I haven’t read it, but Trent Horns Hard Sayings sounds like what you’re looking for.
 
I still struggle from time to time with the whole conundrum of “why did God the Father require the death of His Son to redeem mankind — why could He just not have let mercy trump justice, and just written the whole thing off, forgiven the sin of the world, just keep forgiving and forgiving for that matter, and let that be that?”.
Let me give you my answer.

I believe that God loves us infinitely, and He desires to lead each of us to the true life and true happiness, a condition existing only in communion with God. But God cannot tolerate evil and sin, because they are incompatible with His good and holy nature. A deep interior change is then necessary for all of us to reach the eternal happiness; we must be sanctified and purified from all our evil and sinful desires. God has the power to change us but He wants to do that with our consent. In fact God has chosen to create man with a free will, He wants to respect our free will. Man cannot really accept to be changed by God and he cannot be in comunion with God as long as even a shadow of doubt and distrust remains in his heart ( it must be stressed that such a distrust may exist even without the man is aware of it, at the unconscious level).
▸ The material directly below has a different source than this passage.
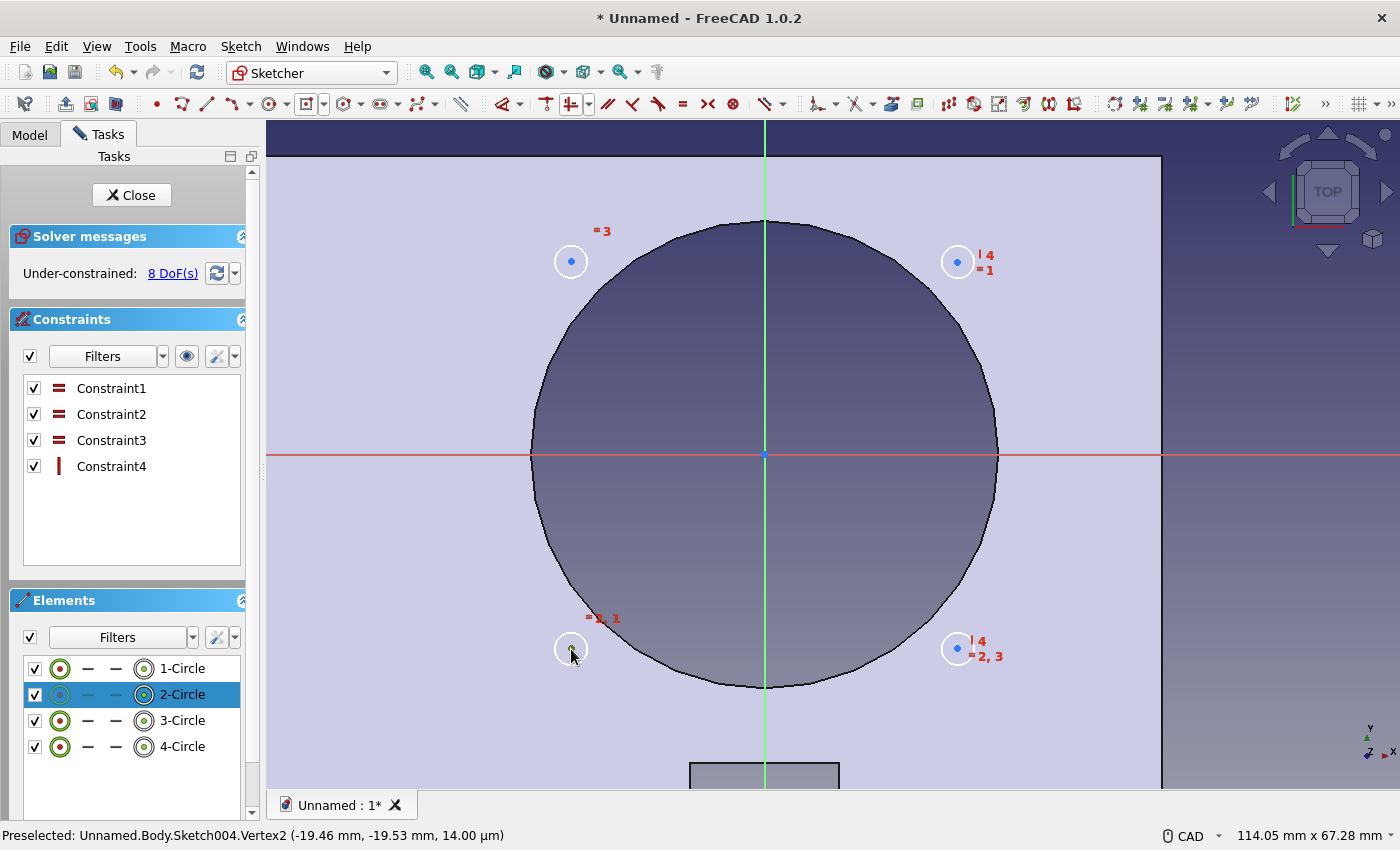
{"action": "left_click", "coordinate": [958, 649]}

In order to destroy every shadow of doubt and distrust in our heart, God has chosen to give us the greatest proof of love that may exist: Christ’s Passion. Christ’s Passion has redeemed us and reconciled us to God because it has uprooted from our heart our distrust and doubts about God’s love; it has satisfied our (conscious or unconscious) desire and need of a proof of love, so that it has given us the strength to trust God and feel loved by Him.

I believe that each of us needed to know that God was willing to accept such a terrible suffering for us, in order to really trust God. Every man needed that proof of love, and God, who knew this, has accepted to give man what he consciously or unconsciously asked to Him. Jesus had to suffer and die that way to convince us about God’s goodness and God’s love towards us. It is man’s obstinate distrust against God that has forced God to give man that proof of love, the proof he needed to trust God. By His death on the cross, Jesus destroys our distrust and our doubts, and He gives us the strength to believe in Him and trust Him. This means that each of us is personally responsible of Jesus’ sufferings and death.
 
Mockery and disrespect in modern society are endemic. We mock each other constantly then fall back on ‘can’t you take a joke”? “Just kidding”. And that’s to each other.
I think you’re assuming that joking was not endemic in ancient society. The passage reads best as humor, and generally when you come across something in Ancient writing that seems very awkward in every other reading, but “fits” perfectly as as joke, you should consider that it may have been a joke. Humor is not evil or out of place in a serious work. Priests often use a good joke in a sermon to emphasize a point.

(Talking about the she bear eating kids for saying baldy, not about the passage in the thread title)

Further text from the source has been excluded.